Now NSF-funded researchers at Harvard University have found that some lasers use the same principle. The research is described in Physical Review Letters.

Frequency combs are widely-used, high-precision tools for measuring and detecting different frequencies -- colors -- of light. Unlike conventional lasers, which emit a single frequency, these lasers emit multiple frequencies in lockstep, evenly spaced to resemble the teeth of a comb.

When a laser produces a frequency comb, it emits light waves that repeat themselves periodically. Depending on the parameters of the comb, these waves can have a constant intensity while varying in color, or they can look like short pulses of light that build and drop in intensity.

Researchers know how combs produce pulses, but how so-called frequency-modulated lasers maintain a constant intensity in the face of changing frequencies has been a long-lasting puzzle.

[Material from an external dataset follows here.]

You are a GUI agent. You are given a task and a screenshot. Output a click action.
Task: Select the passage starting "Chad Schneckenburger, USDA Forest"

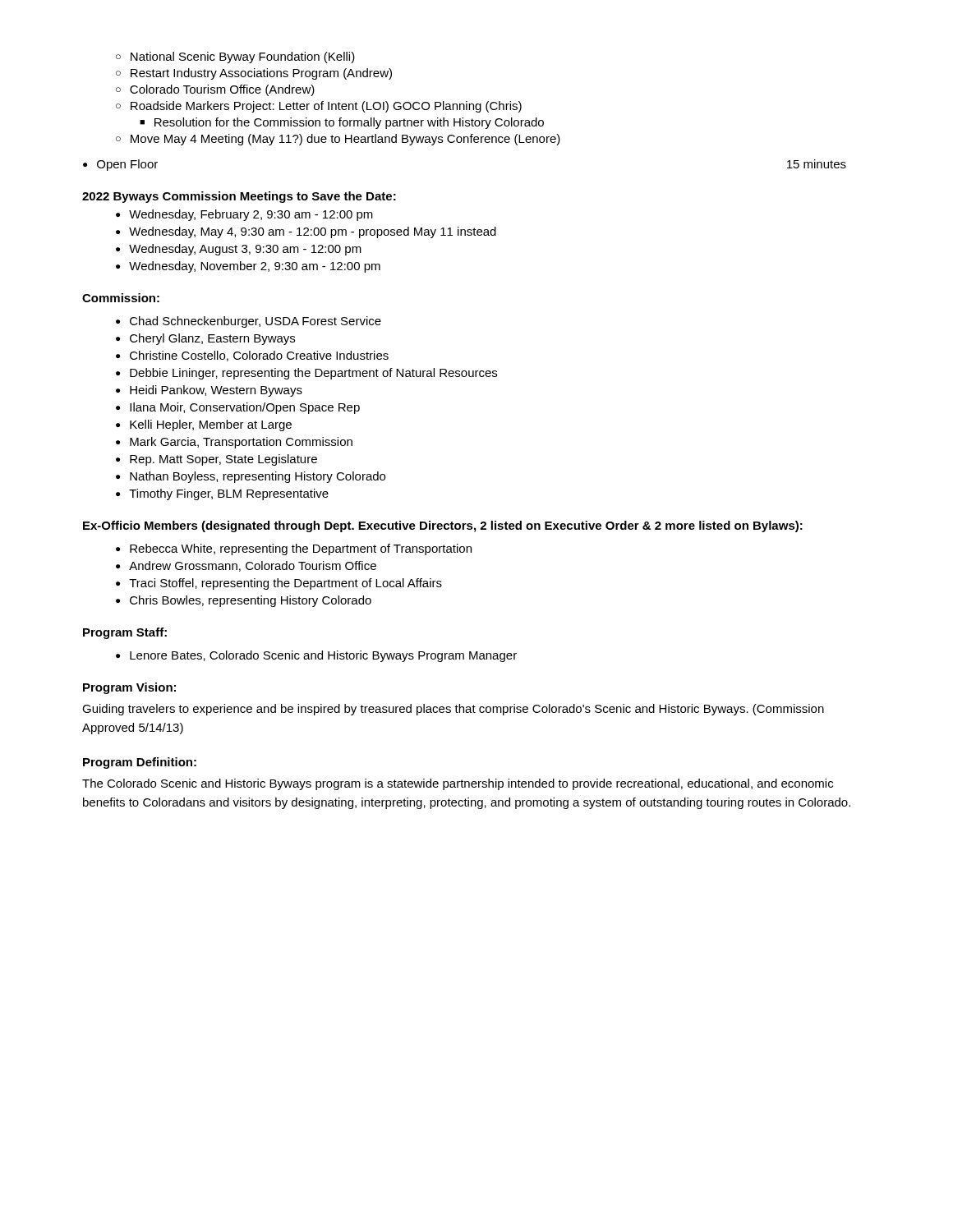coord(249,322)

The researchers, led by Federico Capasso, reconstructed the waveform emitted by light sources known as quantum cascade lasers, widely used in spectroscopy and sensing. They found that the lasers choose to emit light waves that not only suppresses intensity fluctuations -- leading to a constant intensity in time -- but also maximizes power output.

The research is funded by NSF’s Directorate for Engineering.

"Fundamental insights into laser technologies, like this frequency-modulated laser, promise ultra-broadband, high power, and precise light sources for us to understand our world and -- in the future -- advanced molecular spectroscopy, new technologies for atomic clocks, GPS, astronomy, and many other applications," said Ruyan Guo, NSF program director for Electronics, Photonics and Magnetic Devices.